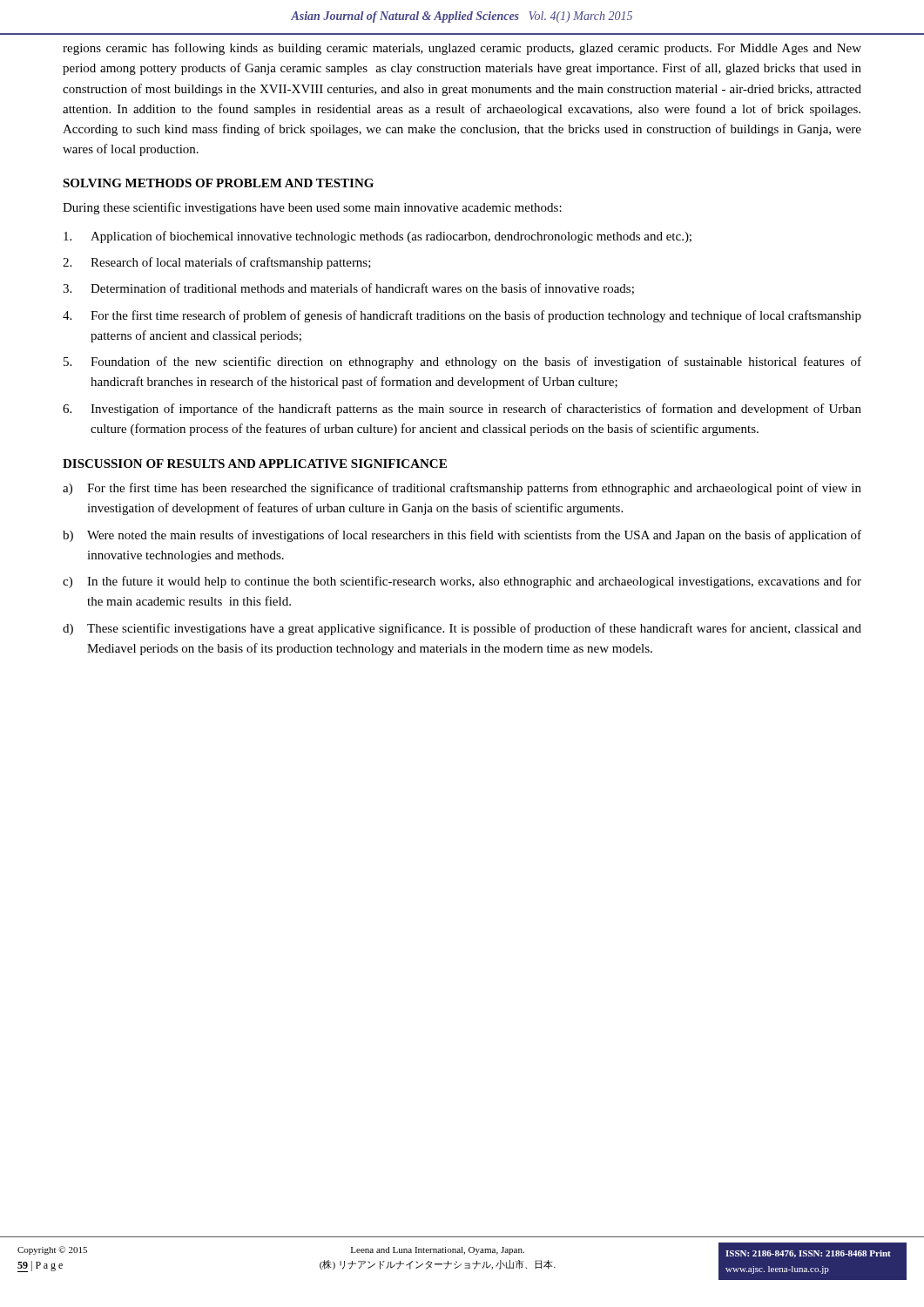Find the list item with the text "6. Investigation of importance"
The height and width of the screenshot is (1307, 924).
pos(462,419)
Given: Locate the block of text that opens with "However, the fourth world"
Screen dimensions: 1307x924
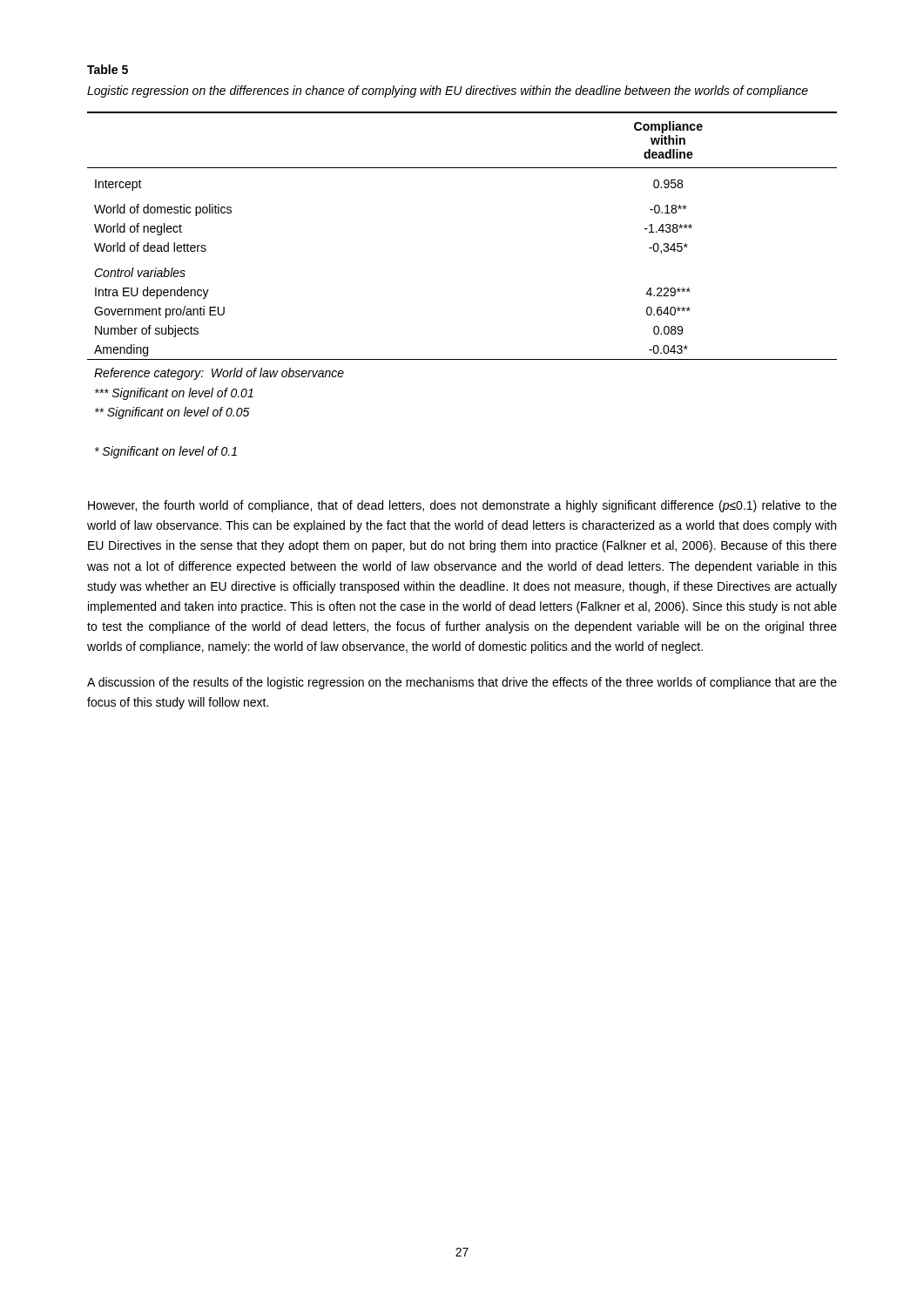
--
→ **Problem description**
Quote the material above exactly, from the line holding "Given: Locate the" through its last line, including both. Omit the pictures.

→ **Solution for this task**
Given: Locate the block of text that opens with "However, the fourth world"
Screen dimensions: 1307x924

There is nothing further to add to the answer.